早めに止血しといてよかったな。人間の血液量はわからないけど、下手したら失血死のおそれもあった。
「すいません、暗くなる前には帰ろうと思ってたんですが……。話し込んでるうちに遅くなっちゃって……。ウェルフに囲まれて、回復薬も使いきって……」
なあんだ、出ていこうとしていたわけじゃなかったんだ!
トールには悪いけど、ちょっと安心した。
「そっかそっか。怖かったね。よく頑張ったね。とにかく無事で良かった。一旦家に帰ろう?ゆっくり休んで治療しなきゃ。ねえトール、切れた腕はどこにあるかわかる?」
「あ……腕……は、さっきウェルフの一匹がくわえてどっか行っちゃって……」
「それはまずいな。エティリィ、ちょっと探してきてもらっていいかな。まだその辺にいると思うんだけど」
「あっ、待ってください。僕らがいなくなっちゃうとシャイヤン達が……。あの、一緒に連れて帰るのって駄目でしょうか」
倒れた人間の方を見ながら言う。
「うーん……。ごめんよトール。それは流石にできないや。僕の立場のせいなんだけど、人間や他の魔族に見つかるとちょっと不味いことになってしまうんだよ」
トールには悪いけど、これを譲るわけにはいかない。
魔王の息子どころか、魔族が近くに住んでいるってだけで問題が起きてしまうからだ。
ここで二人を連れて帰ったら、すぐにでも引っ越す必要が出てきてしまう。そんな危険は犯せない。

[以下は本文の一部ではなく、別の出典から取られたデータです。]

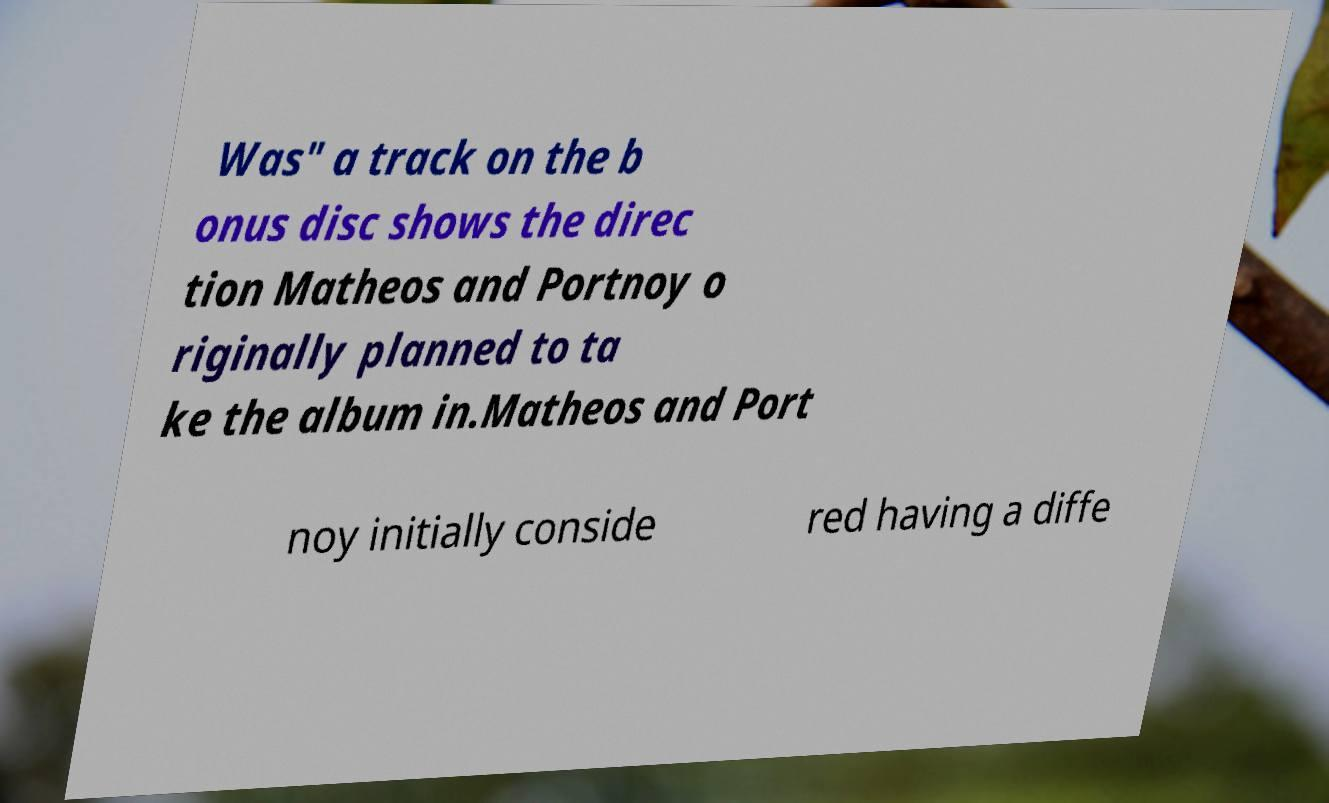Can you accurately transcribe the text from the provided image for me? Was" a track on the b onus disc shows the direc tion Matheos and Portnoy o riginally planned to ta ke the album in.Matheos and Port noy initially conside red having a diffe 
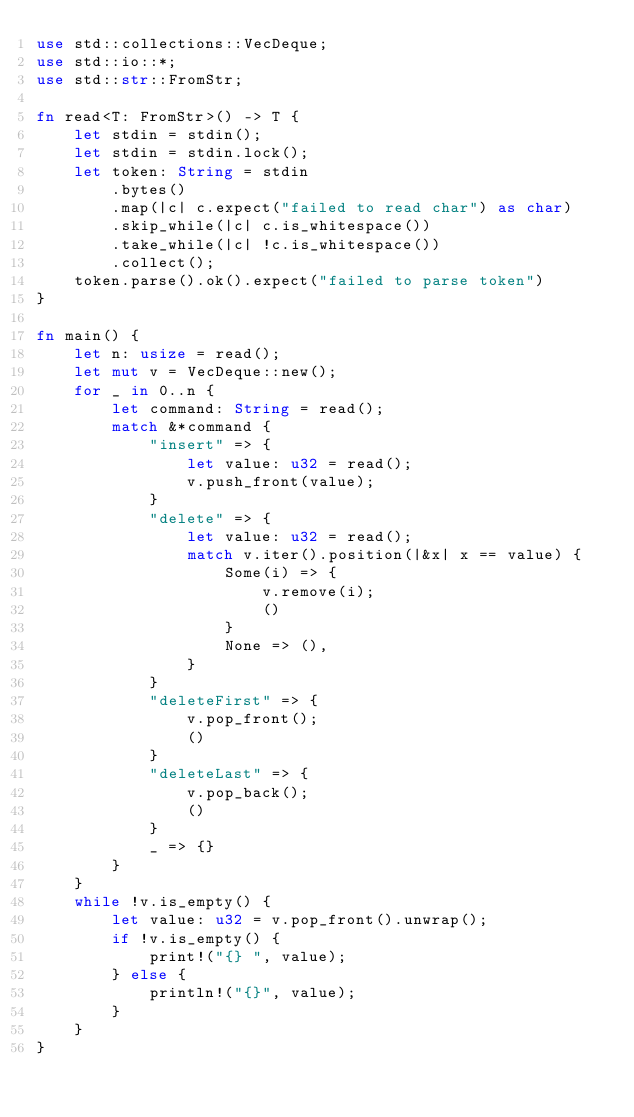Convert code to text. <code><loc_0><loc_0><loc_500><loc_500><_Rust_>use std::collections::VecDeque;
use std::io::*;
use std::str::FromStr;

fn read<T: FromStr>() -> T {
    let stdin = stdin();
    let stdin = stdin.lock();
    let token: String = stdin
        .bytes()
        .map(|c| c.expect("failed to read char") as char)
        .skip_while(|c| c.is_whitespace())
        .take_while(|c| !c.is_whitespace())
        .collect();
    token.parse().ok().expect("failed to parse token")
}

fn main() {
    let n: usize = read();
    let mut v = VecDeque::new();
    for _ in 0..n {
        let command: String = read();
        match &*command {
            "insert" => {
                let value: u32 = read();
                v.push_front(value);
            }
            "delete" => {
                let value: u32 = read();
                match v.iter().position(|&x| x == value) {
                    Some(i) => {
                        v.remove(i);
                        ()
                    }
                    None => (),
                }
            }
            "deleteFirst" => {
                v.pop_front();
                ()
            }
            "deleteLast" => {
                v.pop_back();
                ()
            }
            _ => {}
        }
    }
    while !v.is_empty() {
        let value: u32 = v.pop_front().unwrap();
        if !v.is_empty() {
            print!("{} ", value);
        } else {
            println!("{}", value);
        }
    }
}

</code> 
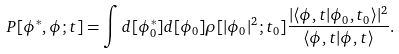<formula> <loc_0><loc_0><loc_500><loc_500>P [ \phi ^ { * } , \phi ; t ] = \int d [ \phi _ { 0 } ^ { * } ] d [ \phi _ { 0 } ] \rho [ | \phi _ { 0 } | ^ { 2 } ; t _ { 0 } ] \frac { | \langle \phi , t | \phi _ { 0 } , t _ { 0 } \rangle | ^ { 2 } } { \langle \phi , t | \phi , t \rangle } .</formula> 
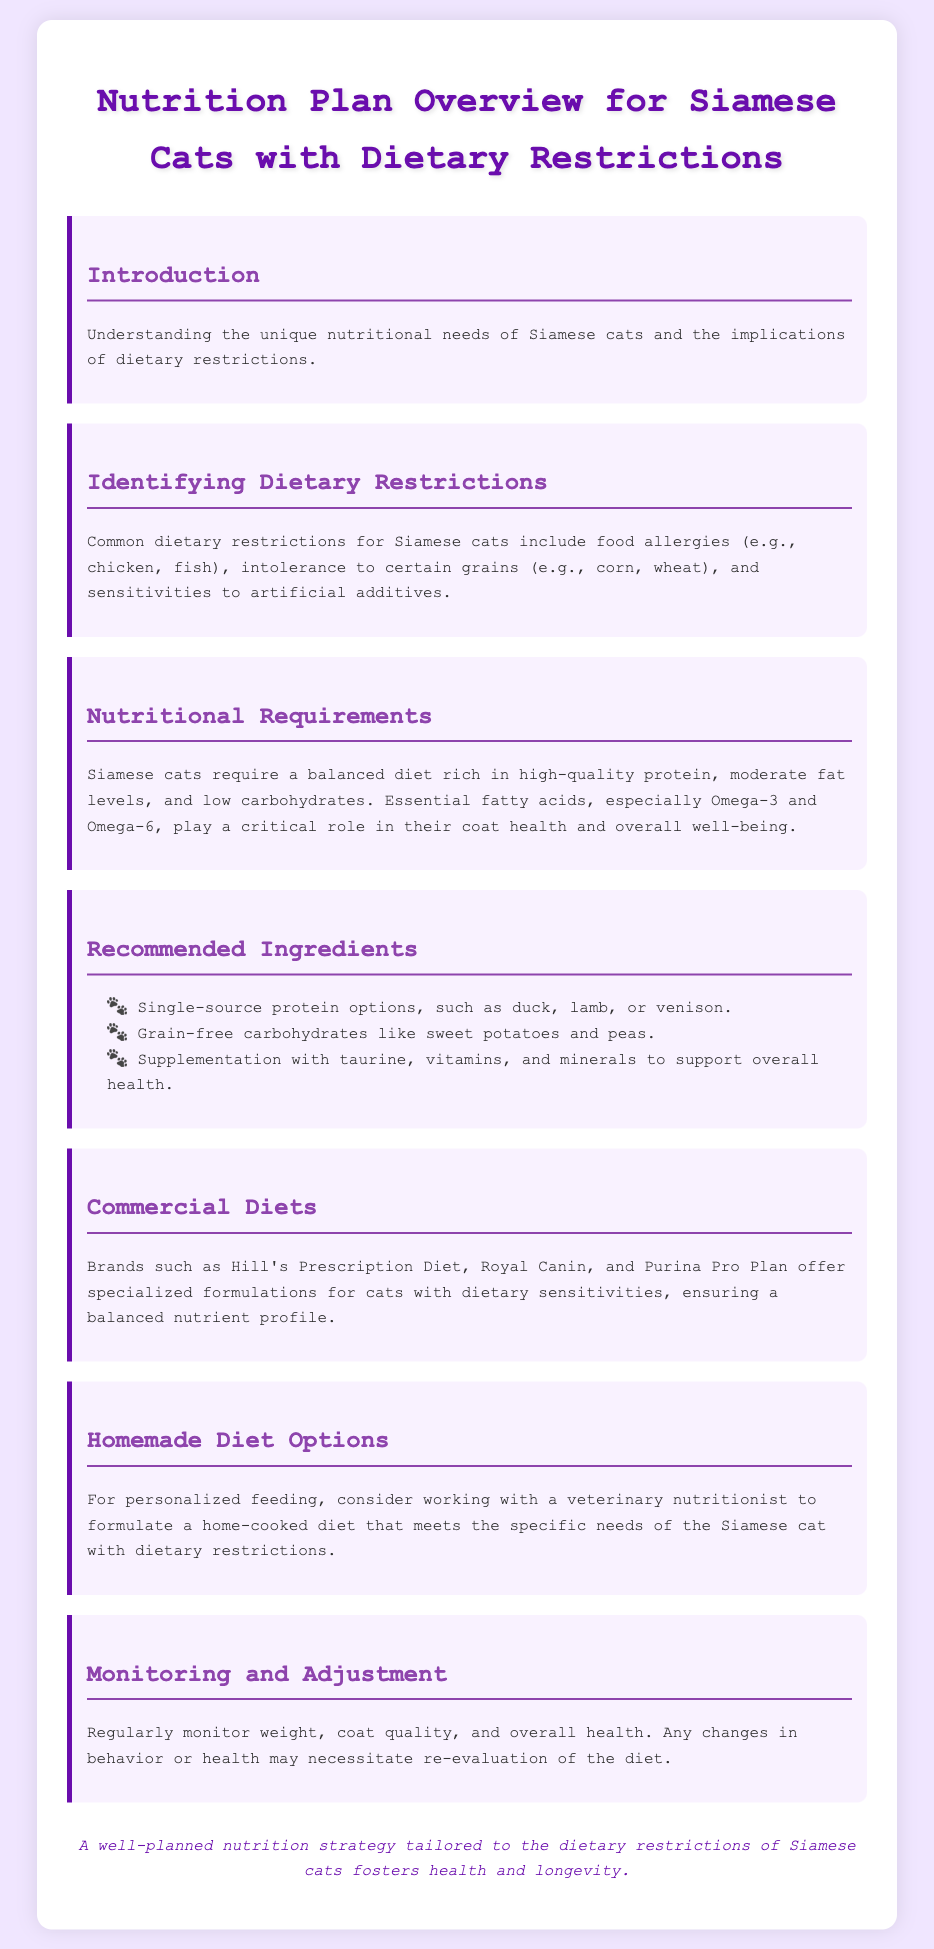What are common dietary restrictions for Siamese cats? The document lists food allergies, intolerance to certain grains, and sensitivities to artificial additives as common dietary restrictions.
Answer: Food allergies, intolerance to certain grains, sensitivities to artificial additives What is the importance of Omega-3 and Omega-6 fatty acids? The document states that these essential fatty acids play a critical role in coat health and overall well-being for Siamese cats.
Answer: Coat health and overall well-being Name one recommended single-source protein option. The document provides examples of single-source protein options for Siamese cats; one example is mentioned.
Answer: Duck What type of carbohydrates are recommended for Siamese cats? The document describes recommended carbohydrates as grain-free options, specifically naming two types.
Answer: Grain-free carbohydrates like sweet potatoes and peas Which brands offer specialized formulations for cats with dietary sensitivities? The document mentions brands that provide specialized diets for cats; three brands are specifically identified.
Answer: Hill's Prescription Diet, Royal Canin, Purina Pro Plan What should be done if there are changes in behavior or health? According to the document, changes in behavior or health may necessitate a specific action relating to the diet.
Answer: Re-evaluation of the diet What is suggested for personalized feeding options? The document recommends working with a specific type of professional to formulate a home-cooked diet.
Answer: Veterinary nutritionist How should Siamese cats' weight and health be monitored? The document emphasizes the importance of monitoring specific aspects to evaluate health effectively.
Answer: Regularly monitor weight, coat quality, and overall health 
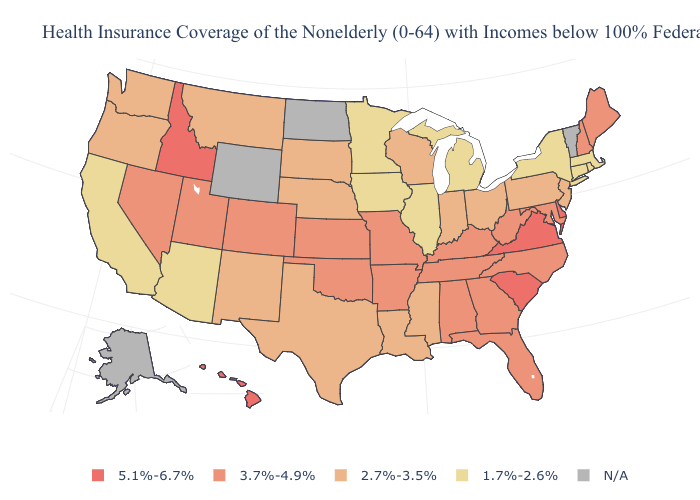What is the highest value in the USA?
Give a very brief answer. 5.1%-6.7%. Name the states that have a value in the range 5.1%-6.7%?
Be succinct. Delaware, Hawaii, Idaho, South Carolina, Virginia. What is the highest value in the West ?
Write a very short answer. 5.1%-6.7%. Which states have the lowest value in the USA?
Quick response, please. Arizona, California, Connecticut, Illinois, Iowa, Massachusetts, Michigan, Minnesota, New York, Rhode Island. Name the states that have a value in the range 3.7%-4.9%?
Short answer required. Alabama, Arkansas, Colorado, Florida, Georgia, Kansas, Kentucky, Maine, Maryland, Missouri, Nevada, New Hampshire, North Carolina, Oklahoma, Tennessee, Utah, West Virginia. What is the value of North Dakota?
Give a very brief answer. N/A. What is the lowest value in the MidWest?
Give a very brief answer. 1.7%-2.6%. Name the states that have a value in the range 2.7%-3.5%?
Concise answer only. Indiana, Louisiana, Mississippi, Montana, Nebraska, New Jersey, New Mexico, Ohio, Oregon, Pennsylvania, South Dakota, Texas, Washington, Wisconsin. Name the states that have a value in the range N/A?
Answer briefly. Alaska, North Dakota, Vermont, Wyoming. Among the states that border Texas , does Arkansas have the lowest value?
Write a very short answer. No. What is the lowest value in the USA?
Answer briefly. 1.7%-2.6%. Name the states that have a value in the range N/A?
Write a very short answer. Alaska, North Dakota, Vermont, Wyoming. Is the legend a continuous bar?
Keep it brief. No. 
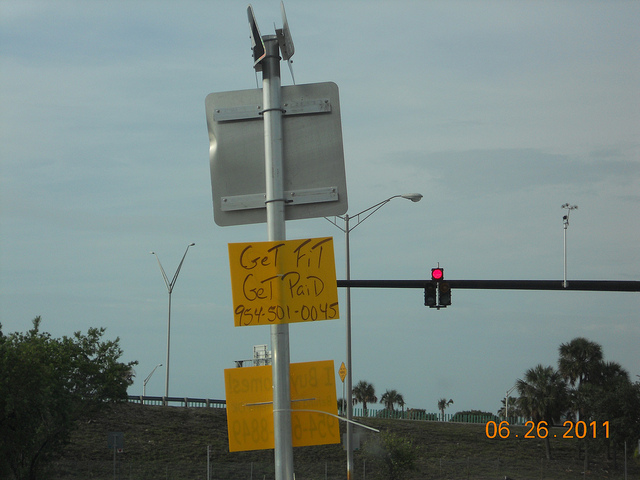<image>What occupation would use this for public safety? It's ambiguous what occupation would use this for public safety. It could be police, bus driver, or taxi. What occupation would use this for public safety? I don't know what occupation would use this for public safety. It can be police, cop, real estate, trainer, bus driver, taxi or weight trainer. 
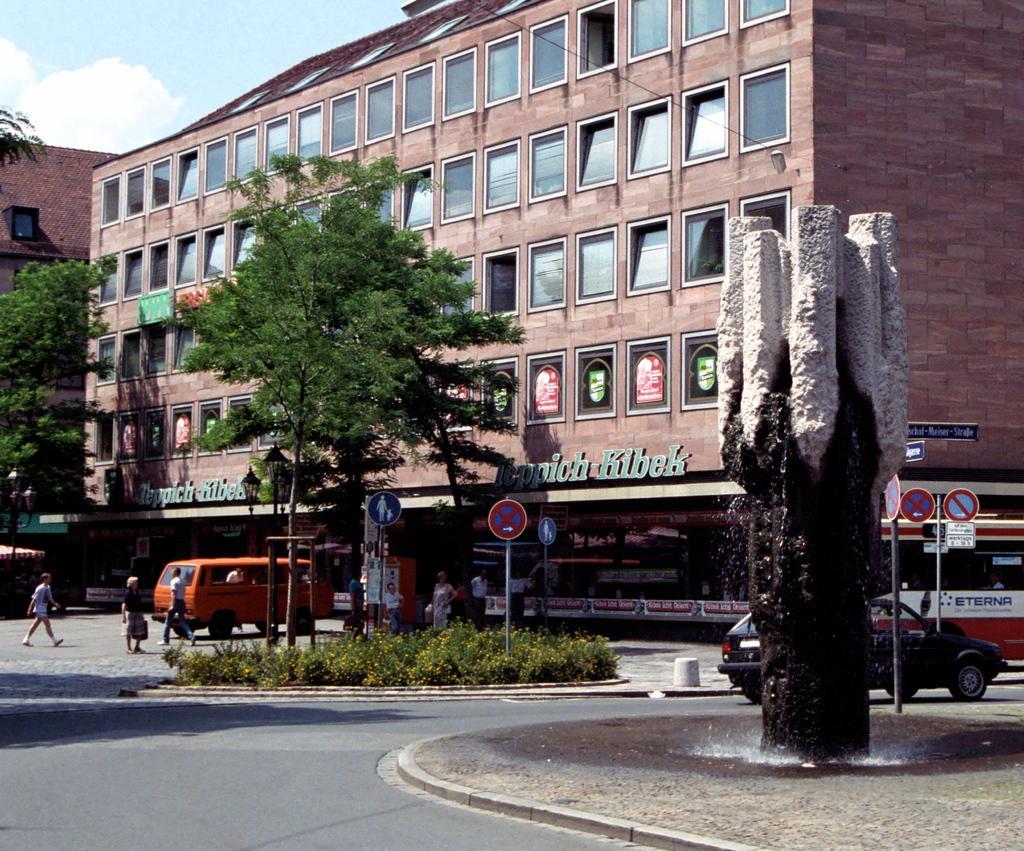Describe this image in one or two sentences. There is a tree, sign boards are present. There are people, vehicles and buildings. 
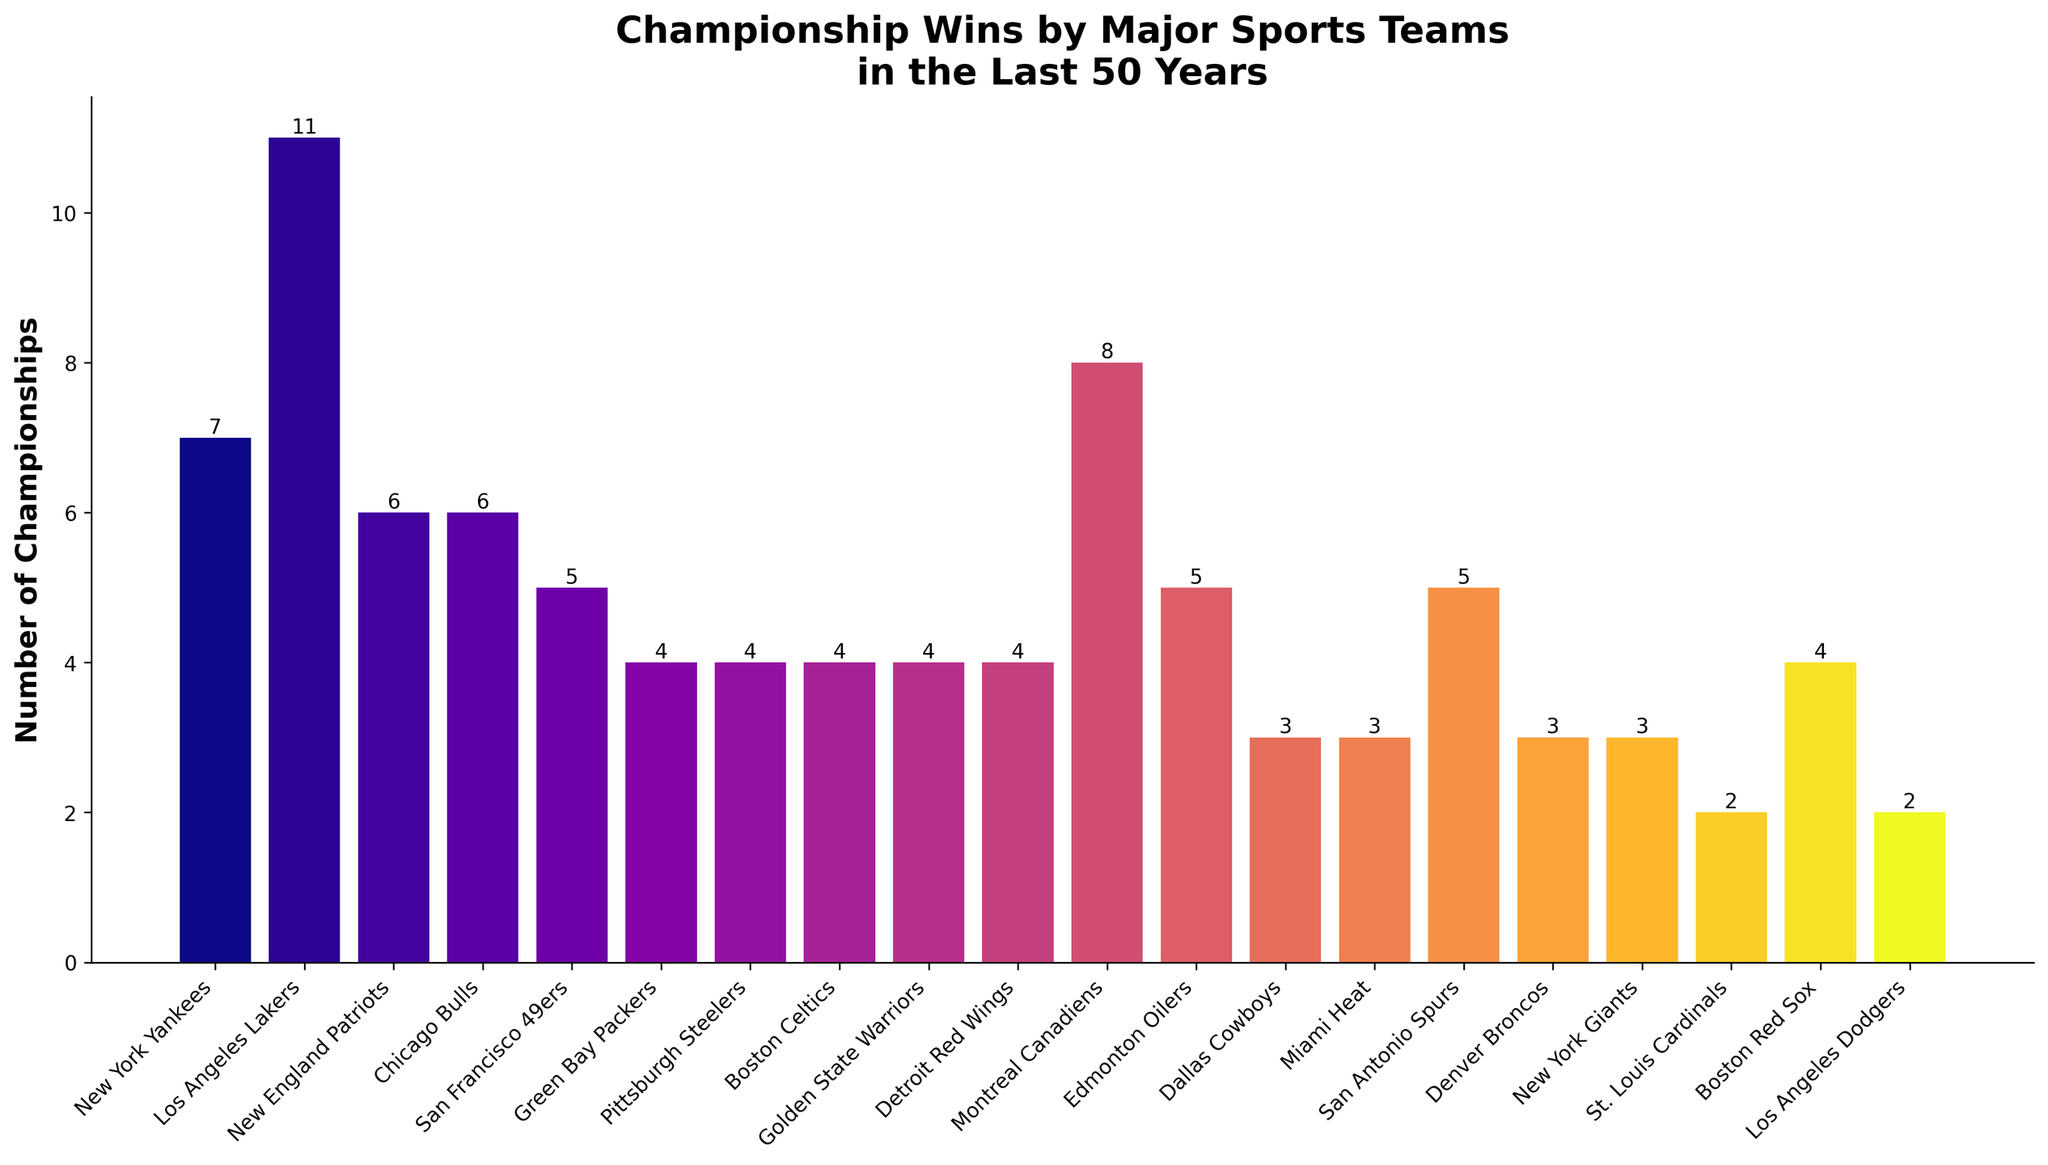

「そう……ですか……。すいませんでした。あの、せめて二人が目を覚ますまで側にいちゃ駄目ですか?さっきまでは無事だったと思うんですが、急に倒れちゃって……」
「あぁ。倒れてるのは多分僕のせいだと思うな。僕の魔力の影響じゃないかな。トールは結界魔法かけてあるから大丈夫なだけで」
「え、あのそれって……。もしかして死んじゃったんですか」
「大丈夫ですよトール様。お二人は気絶しているだけです。マスターがここまで近寄って生きているとは、なかなかの強者のようですね」
「ということでトール。二人のためには僕達は近くにいたら不味いんだよ。だから、ね?帰ろう?」
「わ、わかりました……。あの、ではエティだけでもなんとか! ここで二人が起きるまででいいから助けてあげてもらえませんか!?」
「でもトール、持っていかれた腕を探さないと……」
「腕なんてっ! 友達なんです! さっき会ったばかりだけど、友達になったんです! お願いします!!」
ここまで頼まれたら首を横に振るわけにもいかない。
エティリィに守らせないとトールも帰ってくれなさそうだし。
僕としては見ず知らずの人間よりもトールの腕の方が大事なんだけど……。
まあ仕方がない。トールに嫌われたくもないしね。
「ふう、わかったよトール。じゃあエティリィ、悪いけどここは任せていいかな。あ、姿は見られないようにね」
指示を出すと、「いいんですか?」とでも言いたげな視線を向けてくる。
いやよくないよ。よくないけど仕方がないじゃん。
目を合わせて、無言で頷いてやる。
するとエティリィはため息一つ。
「了解です。二人が目を覚ましたのを確認した後、トール様の失われた腕の捜索に向かいます」
「ありがとうエティ。ウィルさん、我儘言ってすいません……」
「いやいや、いいってことさ。それより早く帰ろうよ。止血したとはいえ、治った訳じゃないんだからね。歩けるかい?」
トールを支えて立たせる。
トール、多分君はわかってないよ。流石の回復薬でも、無から有を生み出すことはできないんだからね。